The point of the concept is not insult. It is diagnosis. Its value lies in what it exposes at the anthropological core. Existential fascism begins where the self no longer understands itself as a vulnerable being among others, but as the final authority that orders everything according to fear, injury, and utility. From there, the path is short: truth becomes a tool, law becomes a weapon, politics becomes revenge, and the common world appears only as a burden. The human being no longer calls for justice — only for permission to be hard. That is the real catastrophe: not merely institutional decay, but a distortion of the soul. The term “the fascism of the self” names this shift with particular clarity: it is not first the system that absolutizes itself — it is the isolated self that makes itself the measure of all things (Morán, 2025).
The decisive question, then, is not whether these movements share the same programs everywhere. They do not.

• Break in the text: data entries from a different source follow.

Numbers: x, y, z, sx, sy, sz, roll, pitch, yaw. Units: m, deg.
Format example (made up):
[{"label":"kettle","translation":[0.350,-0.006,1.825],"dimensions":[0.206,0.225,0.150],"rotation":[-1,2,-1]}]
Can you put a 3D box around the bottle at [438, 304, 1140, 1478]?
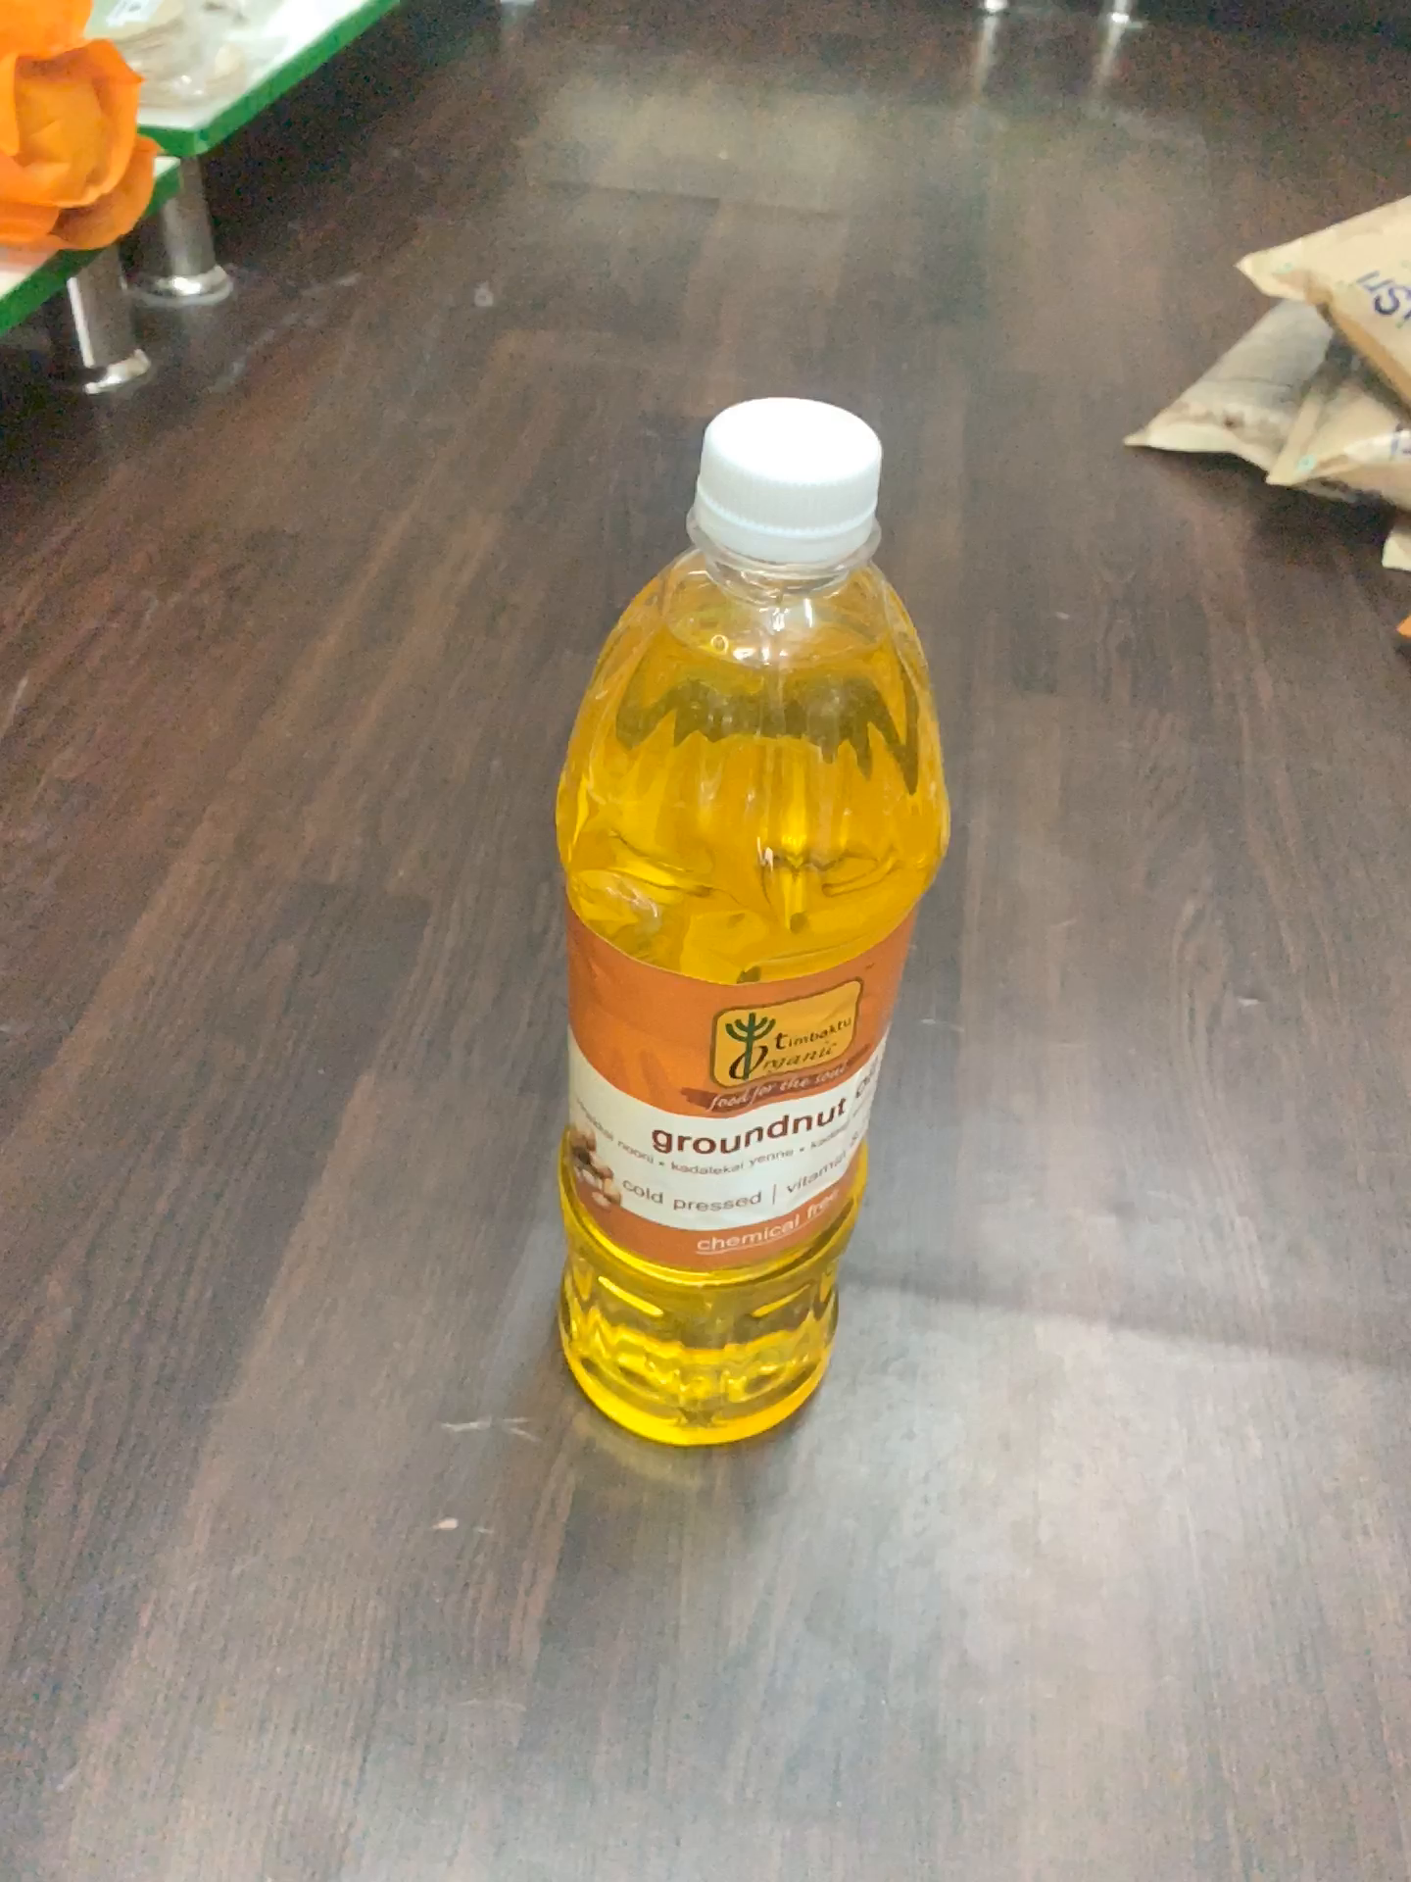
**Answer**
[{"label":"bottle","translation":[0.002,0.012,0.310],"dimensions":[0.090,0.259,0.070],"rotation":[-8,45,-12]}]

The real question is whether they all partake of the same inner disease. And the answer is: in many respects, yes. They live off exhaustion, they feed on resentment, they organize fear and sell hardness as truthfulness. That is precisely why “existential fascism” is not rhetorical excess — it is a usable concept. It names the fact that what is new lies not primarily in ideology but in the constitution of the human being who has learned to hate the common and to mistake the mirror of his own affect for truth. If one does not see this, one recognizes the danger always too late. If one does see it, critique begins earlier — where politics is still language, habit, tone, and moral permission (Arendt, 1951; Fromm, 1941; Traverso, 2019).